*** Opening of Exercise material ***

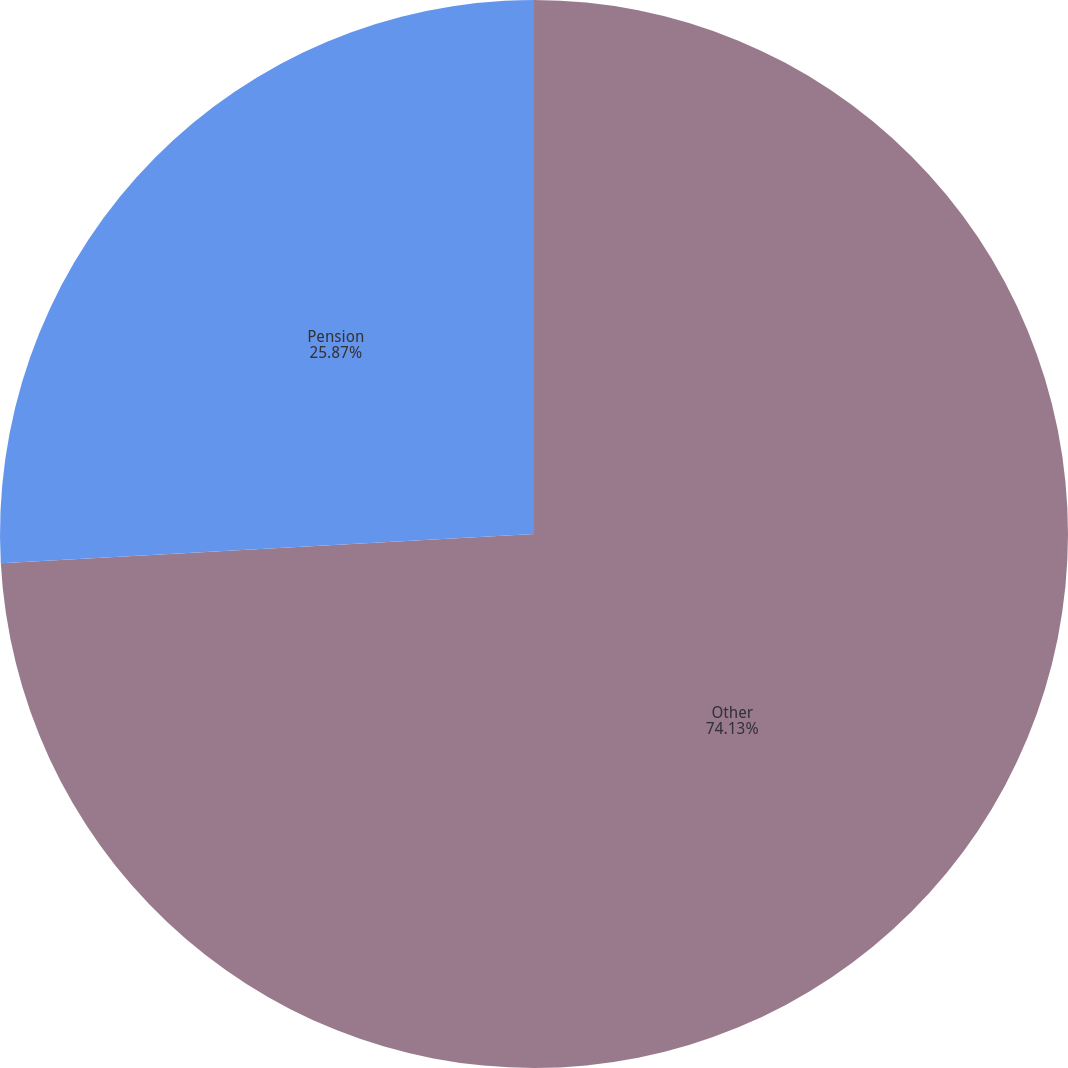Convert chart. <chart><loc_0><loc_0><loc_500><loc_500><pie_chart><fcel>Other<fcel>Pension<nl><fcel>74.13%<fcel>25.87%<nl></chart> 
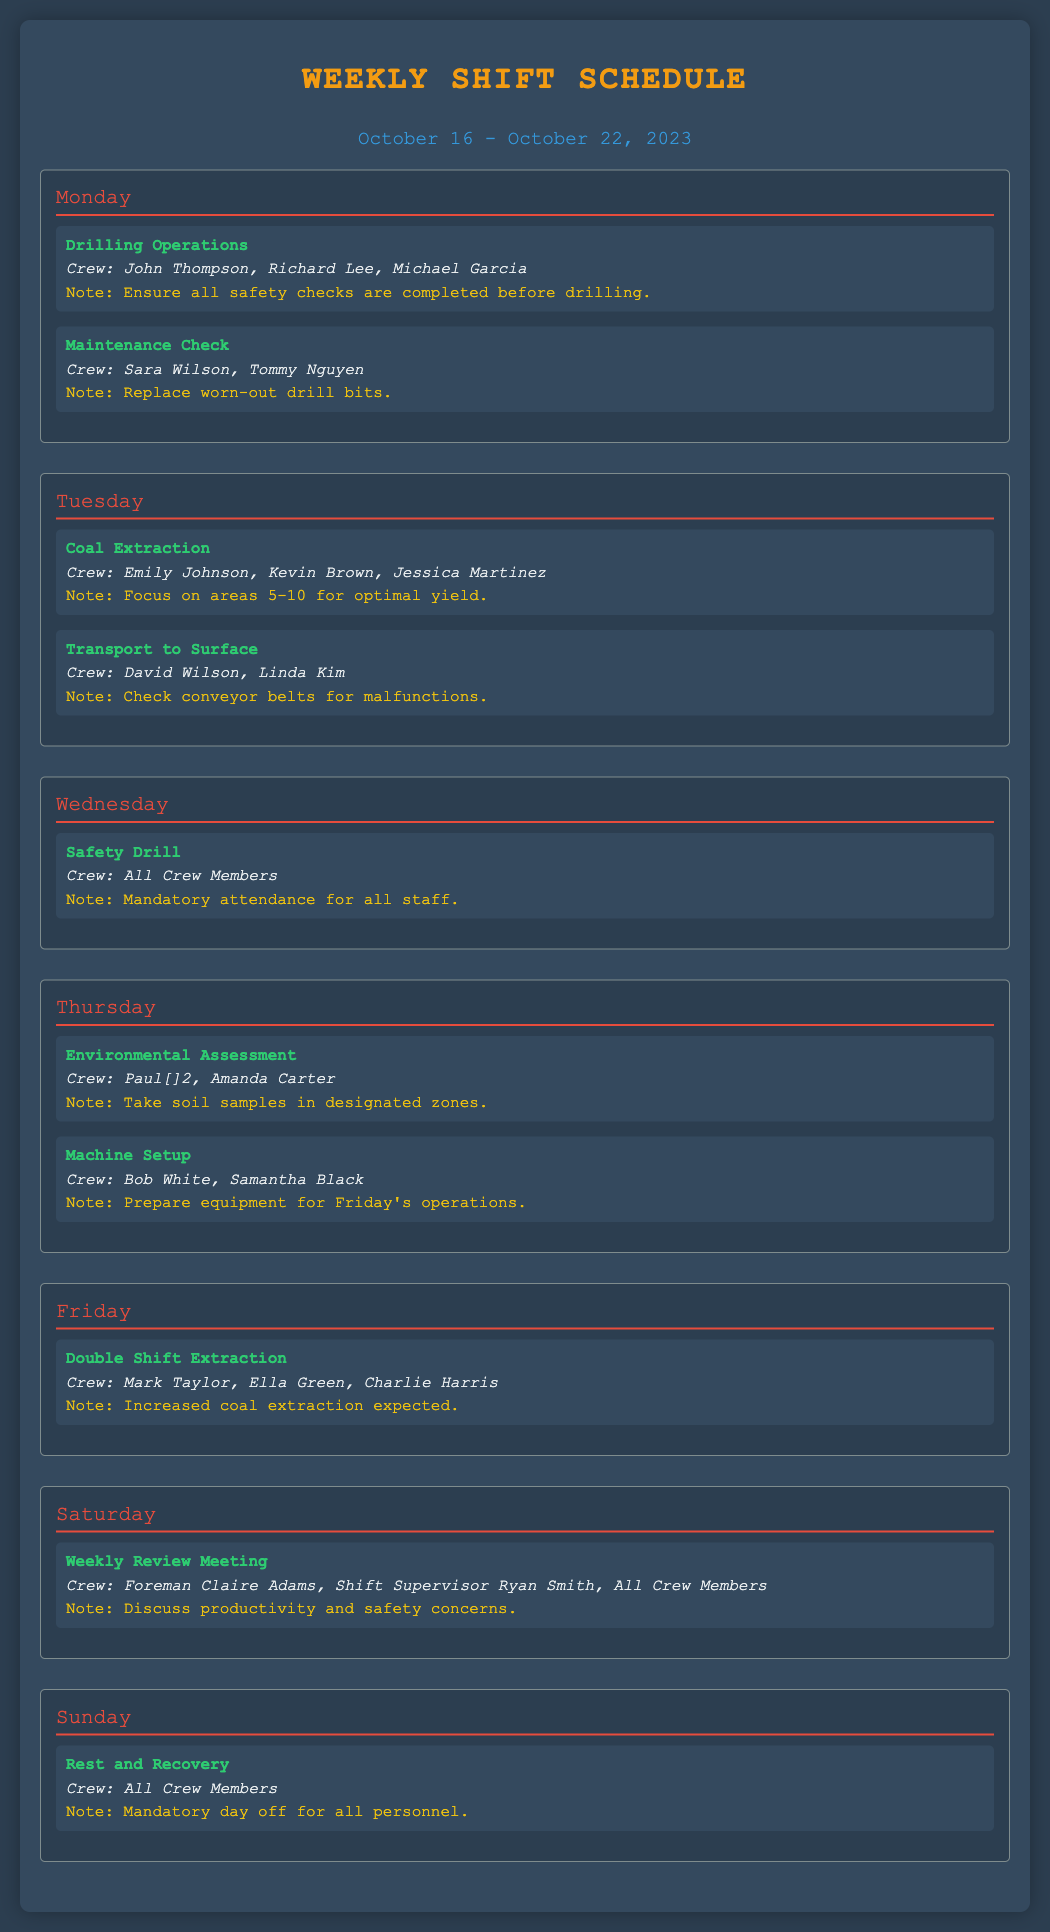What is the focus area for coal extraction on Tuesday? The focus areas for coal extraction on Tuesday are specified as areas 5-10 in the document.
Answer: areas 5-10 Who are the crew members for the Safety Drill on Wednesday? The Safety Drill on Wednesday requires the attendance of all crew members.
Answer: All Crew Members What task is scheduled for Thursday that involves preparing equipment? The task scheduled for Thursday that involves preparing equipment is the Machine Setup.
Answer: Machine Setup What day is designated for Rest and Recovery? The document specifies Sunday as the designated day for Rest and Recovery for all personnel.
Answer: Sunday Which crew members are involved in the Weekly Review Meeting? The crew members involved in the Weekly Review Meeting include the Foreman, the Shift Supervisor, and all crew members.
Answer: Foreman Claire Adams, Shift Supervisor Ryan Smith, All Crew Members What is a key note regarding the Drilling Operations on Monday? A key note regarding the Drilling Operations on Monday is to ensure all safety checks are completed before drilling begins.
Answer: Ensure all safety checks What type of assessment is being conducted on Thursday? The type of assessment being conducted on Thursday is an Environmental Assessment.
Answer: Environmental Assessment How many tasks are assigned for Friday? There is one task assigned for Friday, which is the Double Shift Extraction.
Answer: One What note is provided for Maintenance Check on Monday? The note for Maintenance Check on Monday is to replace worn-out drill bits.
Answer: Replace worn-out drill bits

*** Close of Exercise material ***
*** Opening of Exercise material ***

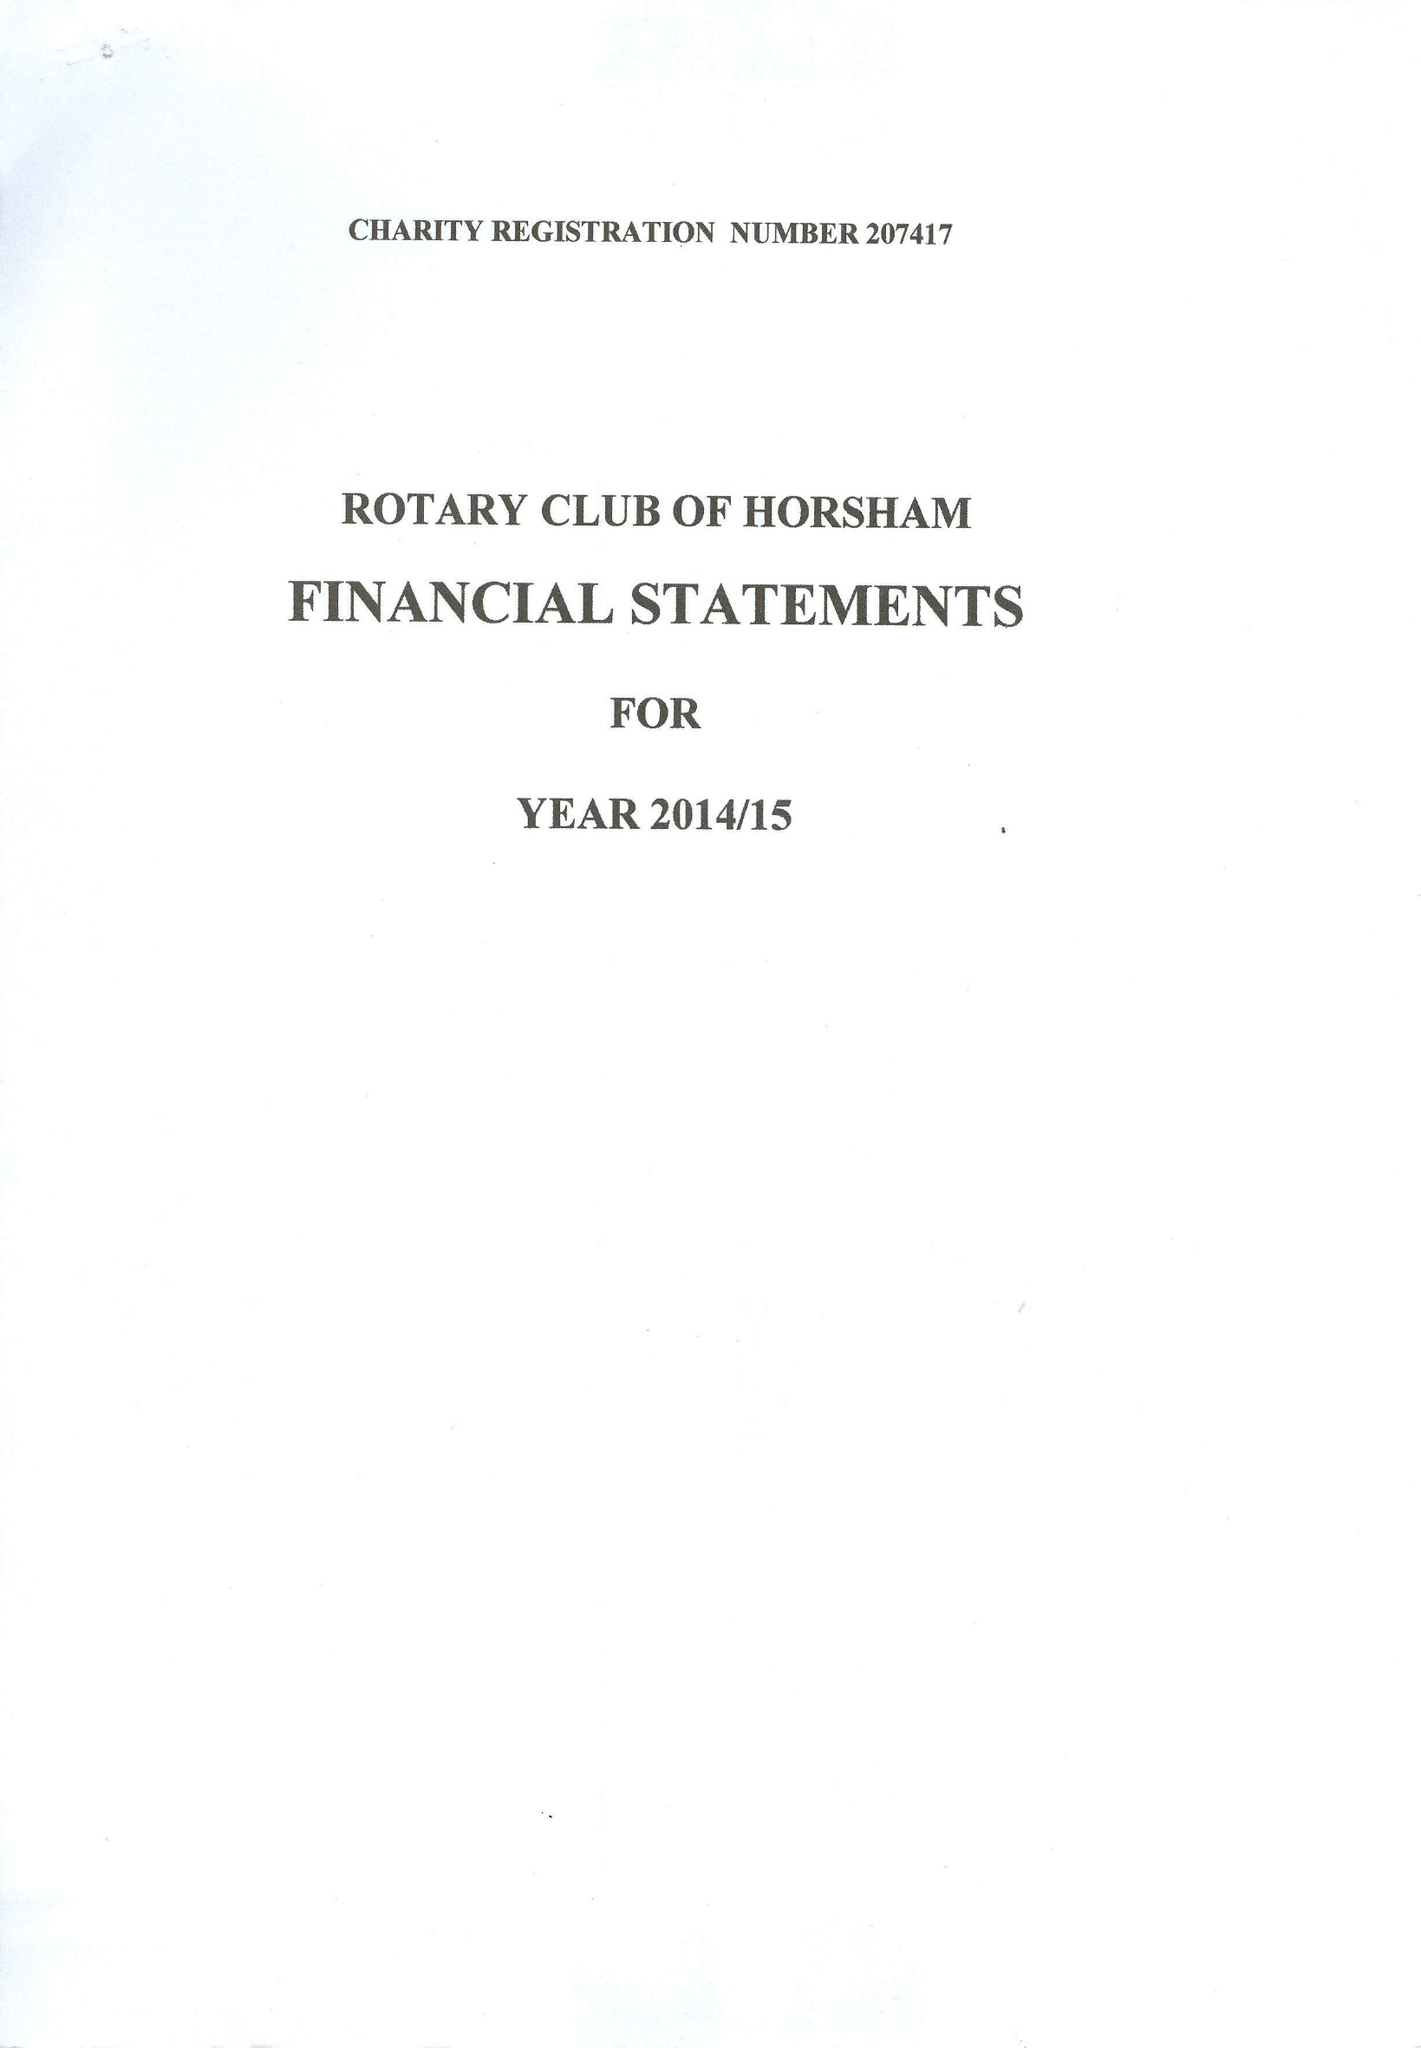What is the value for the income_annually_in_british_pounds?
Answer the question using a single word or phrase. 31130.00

*** Close of Exercise material ***
*** Opening of Exercise material ***

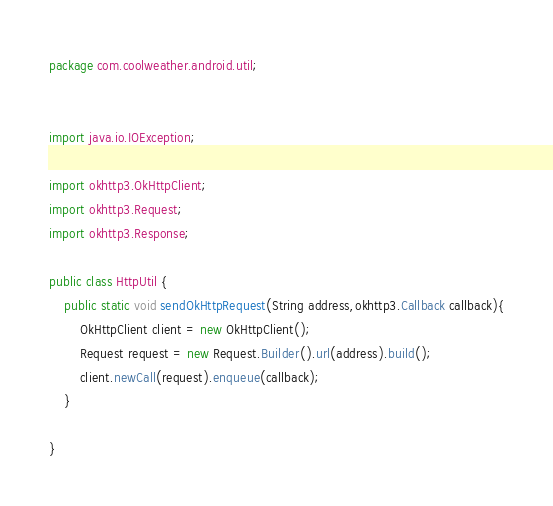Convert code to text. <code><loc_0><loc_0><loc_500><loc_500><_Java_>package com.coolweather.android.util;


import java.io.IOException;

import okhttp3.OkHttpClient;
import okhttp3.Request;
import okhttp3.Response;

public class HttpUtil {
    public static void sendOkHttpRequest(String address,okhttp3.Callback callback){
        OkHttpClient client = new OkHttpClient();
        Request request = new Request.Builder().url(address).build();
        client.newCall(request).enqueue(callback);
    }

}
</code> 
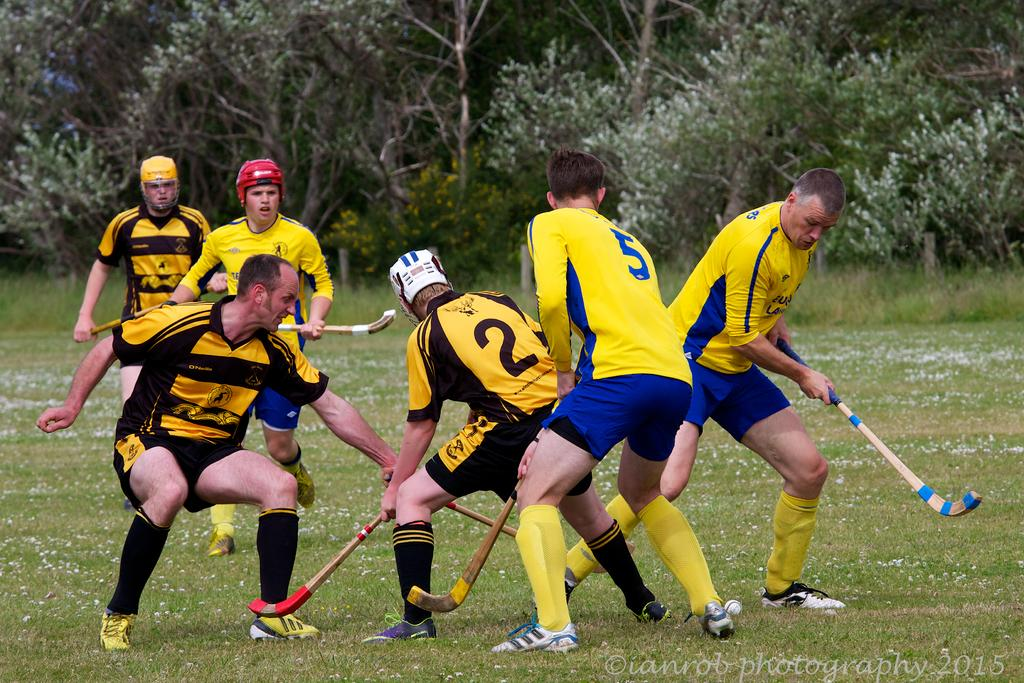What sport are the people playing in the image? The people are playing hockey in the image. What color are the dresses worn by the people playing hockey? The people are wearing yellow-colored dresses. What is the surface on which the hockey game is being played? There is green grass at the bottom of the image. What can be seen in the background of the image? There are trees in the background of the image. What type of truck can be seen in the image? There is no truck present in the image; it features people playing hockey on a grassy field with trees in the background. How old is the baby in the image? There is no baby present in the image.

*** Close of Exercise material ***

### What you will do:
When you reach the line holding "Answer: Machine Setup" in the records above, begin reproducing exactly, stop after the line holding "Answer: Sunday Which", and output nothing else.

### Solved problem:
Answer: Machine Setup What day is designated for Rest and Recovery? The document specifies Sunday as the designated day for Rest and Recovery for all personnel.
Answer: Sunday Which crew members are involved in the Weekly Review Meeting? The crew members involved in the Weekly Review Meeting include the Foreman, the Shift Supervisor, and all crew members.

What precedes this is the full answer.